Les locaux devront être flexibles », estime Victor Carreau, fondateur de la société Comet, qui propose des lieux de réunion ludiques et modulables. Sophie Henley-Price, l’architecte enthousiaste, vante pour sa part « les toit-terrasses, des rez-de-chaussée ouverts sur la rue, des initiatives culturelles, l’agriculture urbaine ». Travailler à la maison et se détendre au bureau, est-ce vraiment l’horizon du salarié des années 2020 ?

La ville, résiliente par nature ?

L’heure est en tout cas à la mixité des usages, un concept galvaudé à force d’avoir été promis pendant des années par les aménageurs, mais qui prend désormais tout son sens. Les quartiers dévolus aux seuls bureaux se révèlent peu résilients, car leur succès dépend exclusivement des ressources des investisseurs et des multinationales. En abritant également des logements, ces quartiers se placeraient à l’abri des secousses conjoncturelles. Cette organisation répond aussi à une aspiration répandue : habiter plus près de son lieu de travail. La mixité d’usage facilite enfin les déplacements moins encombrants et plus sobres, marche, vélo et transports publics, que les décideurs politiques de toutes les grandes villes veulent encourager.

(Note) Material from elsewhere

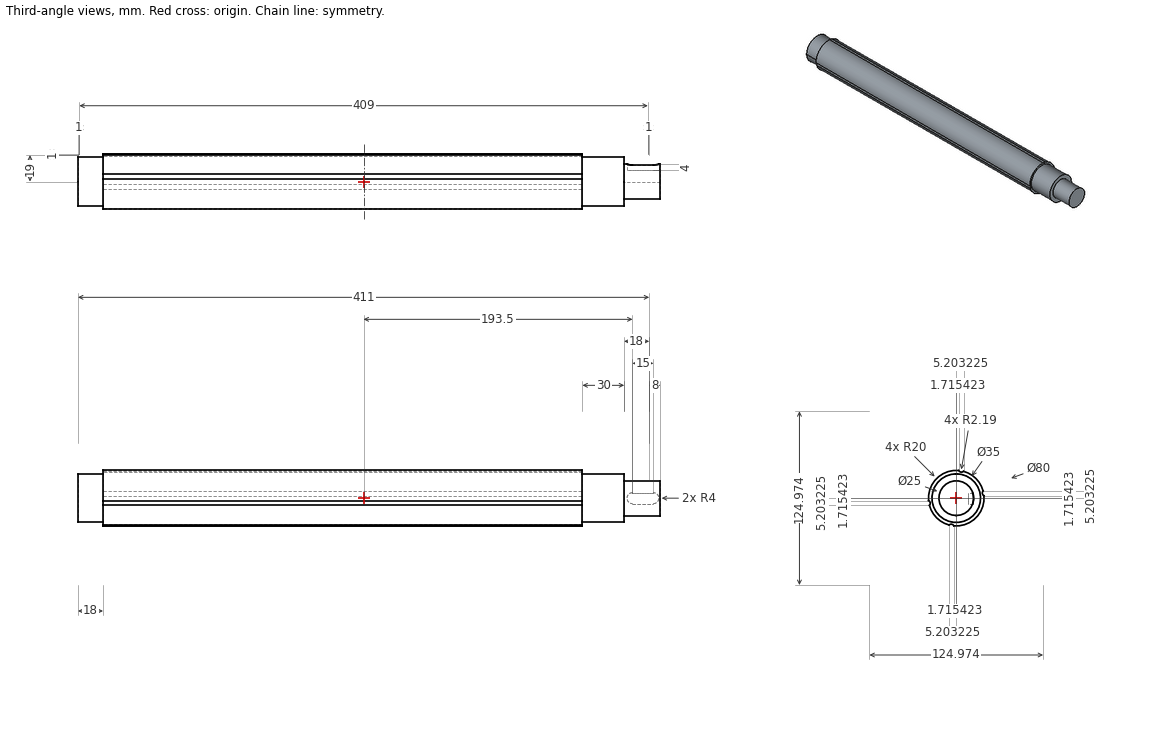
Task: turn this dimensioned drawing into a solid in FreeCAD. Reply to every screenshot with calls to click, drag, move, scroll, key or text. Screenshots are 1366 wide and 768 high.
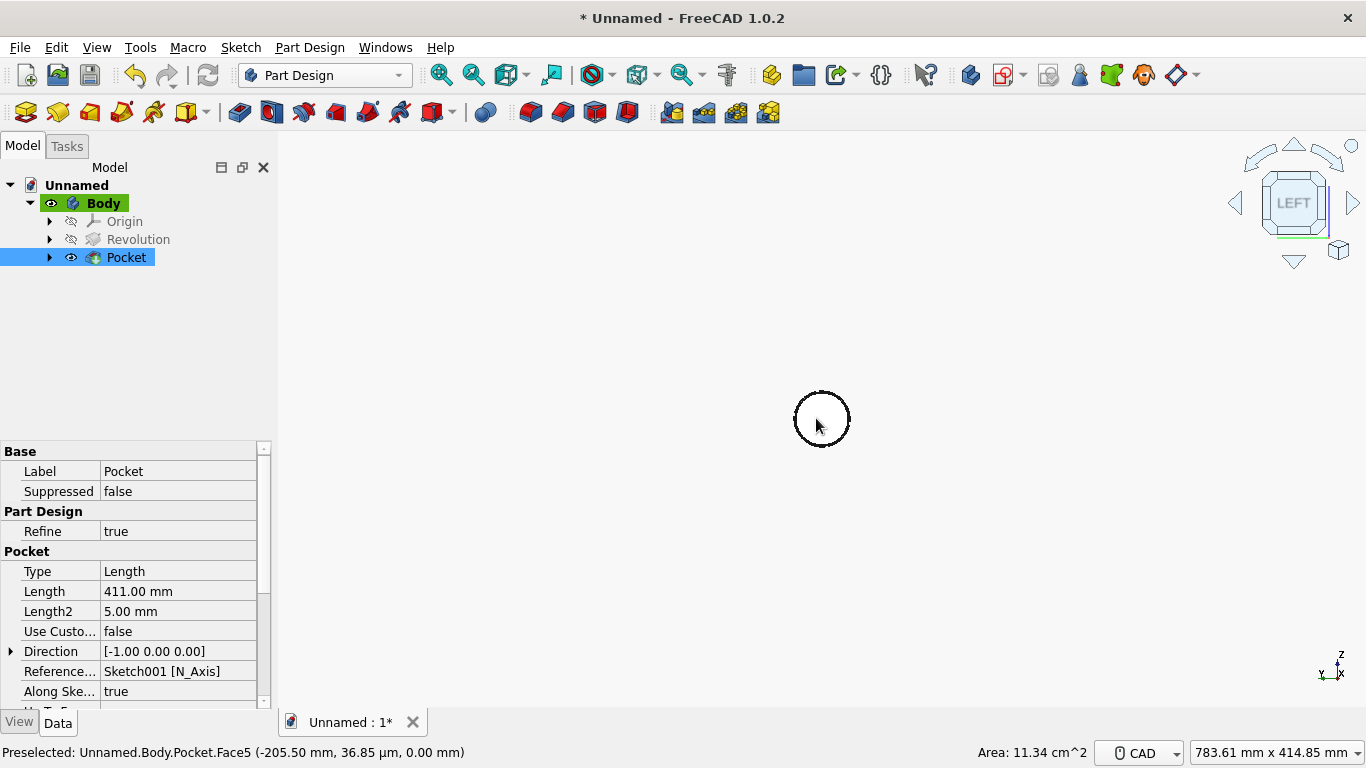
click(1004, 76)
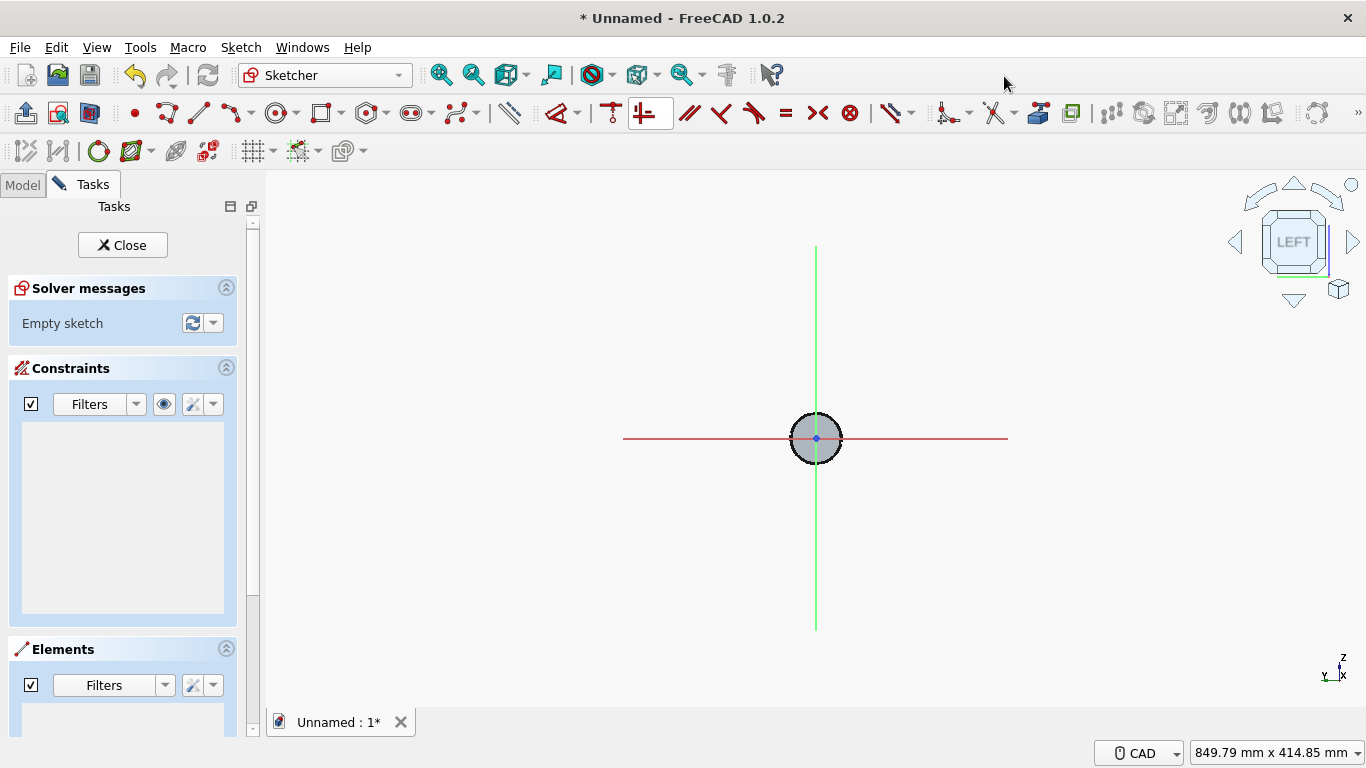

Les quartiers d’affaires gardent, en ce début d’année 2021, les yeux rivés sur New York. La capitale financière des Etats-Unis subit, bien plus que les autres métropoles mondiales, une grave récession. Les tours sont vides, les ménages les plus riches ont déserté la ville, le tourisme est au plus bas, les petits métiers de la rue ont disparu et l’insécurité a fait son retour dans le métro. Mais la métropole a des ressources. Après la crise financière de 2008, après les attentats de 2001 ou la guerre des gangs des années 1980, New York s’est toujours relevée. La grande ville est-elle résiliente par nature ? L’année 2021 le confirmera, ou pas.